Scene Recognition is used in different mobile robot localization problems, such as semantic mapping, global localization, kidnapping, loop-closing and so on. But problem is that there is no special dataset for that task (at least I found none). Such dataset should have the following features:

a semantic map with globally marked objects;
scenes data (views from robot camera), where objects are also labeled and their IDs are correctly matched with IDs on the Semantic map.

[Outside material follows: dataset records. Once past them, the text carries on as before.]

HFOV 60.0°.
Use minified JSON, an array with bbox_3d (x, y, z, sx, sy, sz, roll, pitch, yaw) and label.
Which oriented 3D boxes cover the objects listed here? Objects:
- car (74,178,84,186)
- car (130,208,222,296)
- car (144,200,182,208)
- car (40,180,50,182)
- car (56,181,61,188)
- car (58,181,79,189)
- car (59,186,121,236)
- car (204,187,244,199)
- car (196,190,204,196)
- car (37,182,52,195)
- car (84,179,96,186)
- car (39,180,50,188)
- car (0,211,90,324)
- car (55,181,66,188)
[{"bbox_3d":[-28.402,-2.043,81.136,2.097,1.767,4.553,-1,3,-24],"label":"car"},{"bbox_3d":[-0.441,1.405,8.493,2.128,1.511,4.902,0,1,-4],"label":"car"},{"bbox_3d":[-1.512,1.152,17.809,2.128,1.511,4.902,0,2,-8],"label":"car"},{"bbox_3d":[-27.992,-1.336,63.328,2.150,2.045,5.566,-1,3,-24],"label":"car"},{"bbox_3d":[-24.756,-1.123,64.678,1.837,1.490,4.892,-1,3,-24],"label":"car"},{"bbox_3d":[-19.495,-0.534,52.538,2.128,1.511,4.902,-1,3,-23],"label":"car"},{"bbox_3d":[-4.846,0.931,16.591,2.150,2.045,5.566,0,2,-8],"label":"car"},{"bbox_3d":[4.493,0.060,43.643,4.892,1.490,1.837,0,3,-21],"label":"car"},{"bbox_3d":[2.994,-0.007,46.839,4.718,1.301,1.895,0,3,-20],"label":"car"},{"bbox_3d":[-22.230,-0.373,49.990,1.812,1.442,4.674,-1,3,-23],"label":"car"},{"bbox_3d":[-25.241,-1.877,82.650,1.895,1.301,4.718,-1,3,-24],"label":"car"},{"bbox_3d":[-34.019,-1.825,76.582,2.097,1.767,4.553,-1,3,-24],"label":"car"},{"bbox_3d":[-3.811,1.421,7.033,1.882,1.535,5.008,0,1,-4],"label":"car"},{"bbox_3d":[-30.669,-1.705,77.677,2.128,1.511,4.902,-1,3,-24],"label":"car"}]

I made a script that helps convert popular KITTI-360 dataset to such terms. KITTI-360 has the same problem, that IDs of 3D labels are not matched with IDs of 2D labels. My script does this matching. You are welcome to download already prepared semantic maps and scene sets, or use my script to create your own with different settings.

From 3D boxes Semantic map is created by determining center of each object in global coordinates.
For each camera pose, visible objects from the Semantic map are selected based on the camera's field of view and the maximum distance from the lidar.
3D boxes of those objects are projected to bounding rectangles on camera plane by its calibration parameters.
2D semantic masks are being matched with those rects by hungarian optimization of IoU score - there are global match of IDs is obtained.
Lidar points are projected to image plane, than points on object mask are selected, and distances to objects are calculated.
Raw images are used to obtain CLIP features, but first the image is cropped by its masks, filling extra areas with grey color.
All data exported in .csv and .yaml formats.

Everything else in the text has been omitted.